[Data excerpts]

....................

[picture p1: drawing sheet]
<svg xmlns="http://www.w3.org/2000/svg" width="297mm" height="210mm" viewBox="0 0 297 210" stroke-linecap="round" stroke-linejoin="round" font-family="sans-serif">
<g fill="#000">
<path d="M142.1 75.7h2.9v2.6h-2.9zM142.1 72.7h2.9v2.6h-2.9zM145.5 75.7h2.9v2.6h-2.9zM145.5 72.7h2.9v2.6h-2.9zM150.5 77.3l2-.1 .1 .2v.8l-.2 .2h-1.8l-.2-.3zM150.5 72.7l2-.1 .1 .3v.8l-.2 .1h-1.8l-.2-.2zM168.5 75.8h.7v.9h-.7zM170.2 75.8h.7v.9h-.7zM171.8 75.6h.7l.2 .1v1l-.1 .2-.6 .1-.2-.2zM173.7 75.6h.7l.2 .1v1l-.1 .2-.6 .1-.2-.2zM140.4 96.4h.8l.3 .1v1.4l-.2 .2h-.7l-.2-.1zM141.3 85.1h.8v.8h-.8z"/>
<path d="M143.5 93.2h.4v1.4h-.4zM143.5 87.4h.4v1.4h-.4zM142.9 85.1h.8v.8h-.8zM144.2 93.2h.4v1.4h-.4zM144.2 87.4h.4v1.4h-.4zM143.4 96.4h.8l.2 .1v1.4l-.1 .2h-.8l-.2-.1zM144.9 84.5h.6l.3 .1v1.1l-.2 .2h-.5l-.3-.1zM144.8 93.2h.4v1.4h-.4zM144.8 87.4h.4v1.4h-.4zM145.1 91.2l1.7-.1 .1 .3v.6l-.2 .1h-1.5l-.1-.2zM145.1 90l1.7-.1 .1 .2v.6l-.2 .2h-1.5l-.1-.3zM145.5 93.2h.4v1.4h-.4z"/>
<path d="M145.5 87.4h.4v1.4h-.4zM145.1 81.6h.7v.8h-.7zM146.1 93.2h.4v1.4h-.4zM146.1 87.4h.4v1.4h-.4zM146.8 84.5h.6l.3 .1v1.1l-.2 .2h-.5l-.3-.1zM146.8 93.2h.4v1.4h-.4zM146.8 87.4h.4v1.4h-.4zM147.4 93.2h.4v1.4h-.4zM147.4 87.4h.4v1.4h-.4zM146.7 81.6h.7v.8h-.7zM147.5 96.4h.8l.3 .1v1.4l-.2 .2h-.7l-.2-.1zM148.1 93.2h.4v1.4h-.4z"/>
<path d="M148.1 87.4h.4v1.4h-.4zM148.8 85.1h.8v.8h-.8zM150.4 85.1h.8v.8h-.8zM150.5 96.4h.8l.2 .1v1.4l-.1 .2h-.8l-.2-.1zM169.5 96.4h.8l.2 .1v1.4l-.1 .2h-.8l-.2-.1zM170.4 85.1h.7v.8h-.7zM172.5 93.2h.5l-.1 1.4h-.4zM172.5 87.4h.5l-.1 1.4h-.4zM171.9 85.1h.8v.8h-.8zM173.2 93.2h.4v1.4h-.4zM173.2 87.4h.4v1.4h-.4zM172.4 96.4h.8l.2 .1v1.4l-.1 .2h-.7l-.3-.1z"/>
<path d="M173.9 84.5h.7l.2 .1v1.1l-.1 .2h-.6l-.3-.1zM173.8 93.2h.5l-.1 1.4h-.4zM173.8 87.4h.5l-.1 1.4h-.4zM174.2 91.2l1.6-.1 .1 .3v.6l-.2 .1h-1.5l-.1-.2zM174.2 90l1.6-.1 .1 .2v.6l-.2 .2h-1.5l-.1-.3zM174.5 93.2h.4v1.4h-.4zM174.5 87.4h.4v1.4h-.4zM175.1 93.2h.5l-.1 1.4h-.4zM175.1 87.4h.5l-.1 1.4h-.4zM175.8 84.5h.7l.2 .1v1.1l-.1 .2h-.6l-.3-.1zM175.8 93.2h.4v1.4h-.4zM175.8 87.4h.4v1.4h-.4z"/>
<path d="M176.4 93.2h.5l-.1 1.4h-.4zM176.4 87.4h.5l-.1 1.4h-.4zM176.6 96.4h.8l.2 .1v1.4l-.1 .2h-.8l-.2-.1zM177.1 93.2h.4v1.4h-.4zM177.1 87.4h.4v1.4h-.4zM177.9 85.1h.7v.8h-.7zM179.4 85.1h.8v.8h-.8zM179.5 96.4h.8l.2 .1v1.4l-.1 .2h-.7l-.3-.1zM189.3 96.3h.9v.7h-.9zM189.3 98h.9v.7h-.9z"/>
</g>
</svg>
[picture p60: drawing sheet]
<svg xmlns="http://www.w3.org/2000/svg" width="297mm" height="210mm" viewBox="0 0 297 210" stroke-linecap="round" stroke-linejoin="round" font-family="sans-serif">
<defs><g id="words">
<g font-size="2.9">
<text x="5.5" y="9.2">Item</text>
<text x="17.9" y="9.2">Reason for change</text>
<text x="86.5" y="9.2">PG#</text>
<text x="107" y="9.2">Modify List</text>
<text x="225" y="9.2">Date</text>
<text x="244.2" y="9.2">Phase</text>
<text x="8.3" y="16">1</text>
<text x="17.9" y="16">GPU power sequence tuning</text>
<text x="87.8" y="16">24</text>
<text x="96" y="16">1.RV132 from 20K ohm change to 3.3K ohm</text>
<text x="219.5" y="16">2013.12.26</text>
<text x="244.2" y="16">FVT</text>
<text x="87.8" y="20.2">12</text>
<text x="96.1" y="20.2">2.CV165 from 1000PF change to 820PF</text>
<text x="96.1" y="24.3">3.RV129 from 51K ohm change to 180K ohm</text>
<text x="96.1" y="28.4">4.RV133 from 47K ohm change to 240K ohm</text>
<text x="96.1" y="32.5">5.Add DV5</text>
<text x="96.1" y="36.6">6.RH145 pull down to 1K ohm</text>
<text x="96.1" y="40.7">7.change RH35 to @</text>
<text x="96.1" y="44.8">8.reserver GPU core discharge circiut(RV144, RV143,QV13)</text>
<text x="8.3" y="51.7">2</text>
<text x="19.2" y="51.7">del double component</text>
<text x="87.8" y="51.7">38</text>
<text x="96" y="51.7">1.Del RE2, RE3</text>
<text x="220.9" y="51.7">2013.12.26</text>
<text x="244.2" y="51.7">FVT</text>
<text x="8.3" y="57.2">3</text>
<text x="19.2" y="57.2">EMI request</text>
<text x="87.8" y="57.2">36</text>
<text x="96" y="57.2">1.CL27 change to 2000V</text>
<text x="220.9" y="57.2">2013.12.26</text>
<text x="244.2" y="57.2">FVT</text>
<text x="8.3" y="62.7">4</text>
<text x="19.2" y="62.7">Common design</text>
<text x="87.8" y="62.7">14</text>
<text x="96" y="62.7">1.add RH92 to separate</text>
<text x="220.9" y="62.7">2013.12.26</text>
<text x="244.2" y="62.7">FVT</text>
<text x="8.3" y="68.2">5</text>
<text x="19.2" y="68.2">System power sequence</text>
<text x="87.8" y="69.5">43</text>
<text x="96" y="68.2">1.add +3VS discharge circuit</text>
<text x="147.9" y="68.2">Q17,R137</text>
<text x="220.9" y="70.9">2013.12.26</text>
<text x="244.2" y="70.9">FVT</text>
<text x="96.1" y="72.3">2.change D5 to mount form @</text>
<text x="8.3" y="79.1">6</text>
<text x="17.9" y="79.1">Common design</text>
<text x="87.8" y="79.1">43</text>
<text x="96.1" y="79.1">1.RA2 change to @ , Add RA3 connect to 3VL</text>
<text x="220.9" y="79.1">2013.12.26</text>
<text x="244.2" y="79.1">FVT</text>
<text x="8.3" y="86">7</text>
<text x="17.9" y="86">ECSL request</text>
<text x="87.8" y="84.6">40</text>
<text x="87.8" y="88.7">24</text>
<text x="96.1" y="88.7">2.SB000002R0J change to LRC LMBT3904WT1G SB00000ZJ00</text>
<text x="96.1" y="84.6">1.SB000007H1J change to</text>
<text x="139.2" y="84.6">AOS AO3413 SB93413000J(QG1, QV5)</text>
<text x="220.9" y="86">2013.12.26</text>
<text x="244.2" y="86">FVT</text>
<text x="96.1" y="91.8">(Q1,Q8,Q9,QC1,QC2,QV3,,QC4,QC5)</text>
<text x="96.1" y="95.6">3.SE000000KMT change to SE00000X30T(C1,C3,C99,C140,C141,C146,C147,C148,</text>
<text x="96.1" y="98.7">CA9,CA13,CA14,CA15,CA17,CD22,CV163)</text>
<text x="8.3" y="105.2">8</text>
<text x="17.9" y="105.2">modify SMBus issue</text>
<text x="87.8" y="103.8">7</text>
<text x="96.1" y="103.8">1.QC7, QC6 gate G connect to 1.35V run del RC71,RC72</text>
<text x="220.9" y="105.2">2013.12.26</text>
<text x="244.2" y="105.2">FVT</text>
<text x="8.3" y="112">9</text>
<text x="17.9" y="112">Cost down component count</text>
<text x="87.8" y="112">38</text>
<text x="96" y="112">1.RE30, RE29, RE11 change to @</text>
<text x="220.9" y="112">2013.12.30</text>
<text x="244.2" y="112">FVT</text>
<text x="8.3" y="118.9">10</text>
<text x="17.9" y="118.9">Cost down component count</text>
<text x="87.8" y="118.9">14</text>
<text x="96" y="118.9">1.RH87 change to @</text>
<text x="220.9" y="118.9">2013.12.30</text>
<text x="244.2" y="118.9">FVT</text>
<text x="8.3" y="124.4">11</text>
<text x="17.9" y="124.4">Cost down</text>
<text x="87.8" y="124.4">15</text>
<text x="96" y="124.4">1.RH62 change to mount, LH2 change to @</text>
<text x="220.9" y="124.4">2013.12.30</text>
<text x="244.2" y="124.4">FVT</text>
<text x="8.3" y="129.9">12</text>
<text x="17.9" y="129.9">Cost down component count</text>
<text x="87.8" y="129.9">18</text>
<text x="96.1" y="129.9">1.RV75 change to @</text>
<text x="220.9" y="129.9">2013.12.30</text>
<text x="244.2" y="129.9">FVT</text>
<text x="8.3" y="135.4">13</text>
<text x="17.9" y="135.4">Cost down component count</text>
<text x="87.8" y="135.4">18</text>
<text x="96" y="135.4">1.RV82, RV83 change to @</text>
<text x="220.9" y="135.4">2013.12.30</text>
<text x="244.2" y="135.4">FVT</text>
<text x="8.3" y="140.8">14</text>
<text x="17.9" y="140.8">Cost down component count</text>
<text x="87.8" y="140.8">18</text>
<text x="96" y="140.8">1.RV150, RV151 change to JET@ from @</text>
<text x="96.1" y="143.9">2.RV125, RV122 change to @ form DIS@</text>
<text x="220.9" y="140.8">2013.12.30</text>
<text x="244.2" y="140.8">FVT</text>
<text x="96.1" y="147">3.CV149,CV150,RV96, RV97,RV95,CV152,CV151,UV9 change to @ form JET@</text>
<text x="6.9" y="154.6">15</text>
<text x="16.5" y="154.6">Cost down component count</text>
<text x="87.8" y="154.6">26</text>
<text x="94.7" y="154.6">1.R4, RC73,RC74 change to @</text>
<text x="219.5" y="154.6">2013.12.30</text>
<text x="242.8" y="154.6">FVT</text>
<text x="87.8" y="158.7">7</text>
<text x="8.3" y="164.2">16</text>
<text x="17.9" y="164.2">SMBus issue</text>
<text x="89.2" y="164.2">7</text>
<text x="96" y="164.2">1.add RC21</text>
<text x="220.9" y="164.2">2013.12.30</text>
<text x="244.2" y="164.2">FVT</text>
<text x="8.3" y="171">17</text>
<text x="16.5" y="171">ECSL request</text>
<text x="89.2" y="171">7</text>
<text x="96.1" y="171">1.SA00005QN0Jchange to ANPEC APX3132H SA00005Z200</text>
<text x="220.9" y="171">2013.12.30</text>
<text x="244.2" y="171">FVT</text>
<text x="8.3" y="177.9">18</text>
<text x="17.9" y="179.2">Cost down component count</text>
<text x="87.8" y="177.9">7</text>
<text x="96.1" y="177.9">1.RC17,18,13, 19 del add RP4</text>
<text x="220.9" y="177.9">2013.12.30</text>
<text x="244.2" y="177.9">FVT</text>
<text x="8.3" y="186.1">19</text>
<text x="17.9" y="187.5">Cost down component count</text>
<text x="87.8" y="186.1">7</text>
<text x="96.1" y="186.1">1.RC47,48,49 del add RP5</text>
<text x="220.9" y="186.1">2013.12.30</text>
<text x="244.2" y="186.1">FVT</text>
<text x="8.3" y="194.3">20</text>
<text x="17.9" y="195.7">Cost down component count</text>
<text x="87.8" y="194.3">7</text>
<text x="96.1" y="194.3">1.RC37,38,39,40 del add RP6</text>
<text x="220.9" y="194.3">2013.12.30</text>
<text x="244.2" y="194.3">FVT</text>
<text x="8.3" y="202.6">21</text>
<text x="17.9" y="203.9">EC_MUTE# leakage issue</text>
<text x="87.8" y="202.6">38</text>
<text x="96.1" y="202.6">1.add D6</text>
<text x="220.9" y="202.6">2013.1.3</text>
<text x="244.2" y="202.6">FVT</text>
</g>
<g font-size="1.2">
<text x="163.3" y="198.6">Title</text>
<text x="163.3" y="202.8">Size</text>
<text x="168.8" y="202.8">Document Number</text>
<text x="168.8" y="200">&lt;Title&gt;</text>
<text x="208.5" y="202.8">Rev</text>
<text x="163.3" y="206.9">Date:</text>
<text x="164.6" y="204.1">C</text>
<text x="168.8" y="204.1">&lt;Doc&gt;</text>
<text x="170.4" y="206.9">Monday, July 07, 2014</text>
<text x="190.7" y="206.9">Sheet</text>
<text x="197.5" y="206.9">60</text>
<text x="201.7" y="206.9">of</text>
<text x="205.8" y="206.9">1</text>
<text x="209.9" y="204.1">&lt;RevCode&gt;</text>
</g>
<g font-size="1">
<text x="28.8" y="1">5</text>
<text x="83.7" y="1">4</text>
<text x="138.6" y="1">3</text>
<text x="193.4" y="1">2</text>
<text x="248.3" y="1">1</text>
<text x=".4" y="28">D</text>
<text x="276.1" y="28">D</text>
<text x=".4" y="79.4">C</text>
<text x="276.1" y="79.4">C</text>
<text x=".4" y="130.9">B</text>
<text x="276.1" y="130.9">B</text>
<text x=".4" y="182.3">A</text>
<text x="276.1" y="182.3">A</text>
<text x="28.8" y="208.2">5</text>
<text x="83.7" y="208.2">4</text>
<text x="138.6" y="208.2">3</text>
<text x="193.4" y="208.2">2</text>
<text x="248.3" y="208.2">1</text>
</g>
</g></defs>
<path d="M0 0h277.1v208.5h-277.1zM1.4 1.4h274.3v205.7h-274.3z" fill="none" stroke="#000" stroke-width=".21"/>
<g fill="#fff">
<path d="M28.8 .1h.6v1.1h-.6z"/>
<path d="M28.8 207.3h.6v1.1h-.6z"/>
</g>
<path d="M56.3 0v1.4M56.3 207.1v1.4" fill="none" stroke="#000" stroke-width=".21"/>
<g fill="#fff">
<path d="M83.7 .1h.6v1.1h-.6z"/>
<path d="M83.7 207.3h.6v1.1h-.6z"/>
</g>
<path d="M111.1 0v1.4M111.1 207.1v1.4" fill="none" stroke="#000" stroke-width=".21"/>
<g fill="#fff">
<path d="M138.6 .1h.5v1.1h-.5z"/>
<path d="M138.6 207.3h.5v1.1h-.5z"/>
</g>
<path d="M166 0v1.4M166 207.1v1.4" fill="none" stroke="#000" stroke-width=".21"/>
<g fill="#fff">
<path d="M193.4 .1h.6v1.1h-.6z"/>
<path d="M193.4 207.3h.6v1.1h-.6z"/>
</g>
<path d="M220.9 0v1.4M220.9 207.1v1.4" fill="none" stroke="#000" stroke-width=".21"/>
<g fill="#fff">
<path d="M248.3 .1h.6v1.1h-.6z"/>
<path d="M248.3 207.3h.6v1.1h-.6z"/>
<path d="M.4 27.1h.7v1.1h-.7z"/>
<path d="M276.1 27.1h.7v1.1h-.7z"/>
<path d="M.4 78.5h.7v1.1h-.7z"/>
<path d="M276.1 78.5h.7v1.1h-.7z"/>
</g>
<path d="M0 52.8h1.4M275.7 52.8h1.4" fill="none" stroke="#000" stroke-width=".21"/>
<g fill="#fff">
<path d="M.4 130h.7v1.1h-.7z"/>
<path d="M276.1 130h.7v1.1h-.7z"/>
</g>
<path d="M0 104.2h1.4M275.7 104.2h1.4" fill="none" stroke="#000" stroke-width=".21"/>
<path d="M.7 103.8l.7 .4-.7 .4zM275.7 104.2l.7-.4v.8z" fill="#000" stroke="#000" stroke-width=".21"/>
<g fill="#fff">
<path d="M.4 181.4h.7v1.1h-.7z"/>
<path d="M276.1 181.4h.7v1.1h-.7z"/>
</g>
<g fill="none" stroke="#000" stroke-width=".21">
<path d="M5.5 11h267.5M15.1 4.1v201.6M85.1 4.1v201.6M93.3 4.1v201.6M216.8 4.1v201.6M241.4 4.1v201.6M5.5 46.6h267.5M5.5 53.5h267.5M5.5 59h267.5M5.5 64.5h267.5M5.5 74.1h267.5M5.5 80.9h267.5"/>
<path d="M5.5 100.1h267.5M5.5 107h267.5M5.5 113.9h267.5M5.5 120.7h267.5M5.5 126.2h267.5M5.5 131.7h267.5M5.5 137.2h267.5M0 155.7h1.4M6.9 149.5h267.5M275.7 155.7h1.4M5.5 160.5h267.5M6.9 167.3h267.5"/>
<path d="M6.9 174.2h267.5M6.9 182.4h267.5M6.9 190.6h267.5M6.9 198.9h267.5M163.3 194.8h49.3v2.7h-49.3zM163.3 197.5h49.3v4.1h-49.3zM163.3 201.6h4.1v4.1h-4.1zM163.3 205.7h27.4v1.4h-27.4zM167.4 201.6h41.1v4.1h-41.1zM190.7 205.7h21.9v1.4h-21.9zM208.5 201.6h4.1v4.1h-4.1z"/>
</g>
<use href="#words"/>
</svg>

....................

TASK ITEM: Which lines of the records above contain the word "issue"? Show each of them.

SOLUTION TO THIS EXERCISE:
<text x="17.9" y="105.2">modify SMBus issue</text>
<text x="17.9" y="164.2">SMBus issue</text>
<text x="17.9" y="203.9">EC_MUTE# leakage issue</text>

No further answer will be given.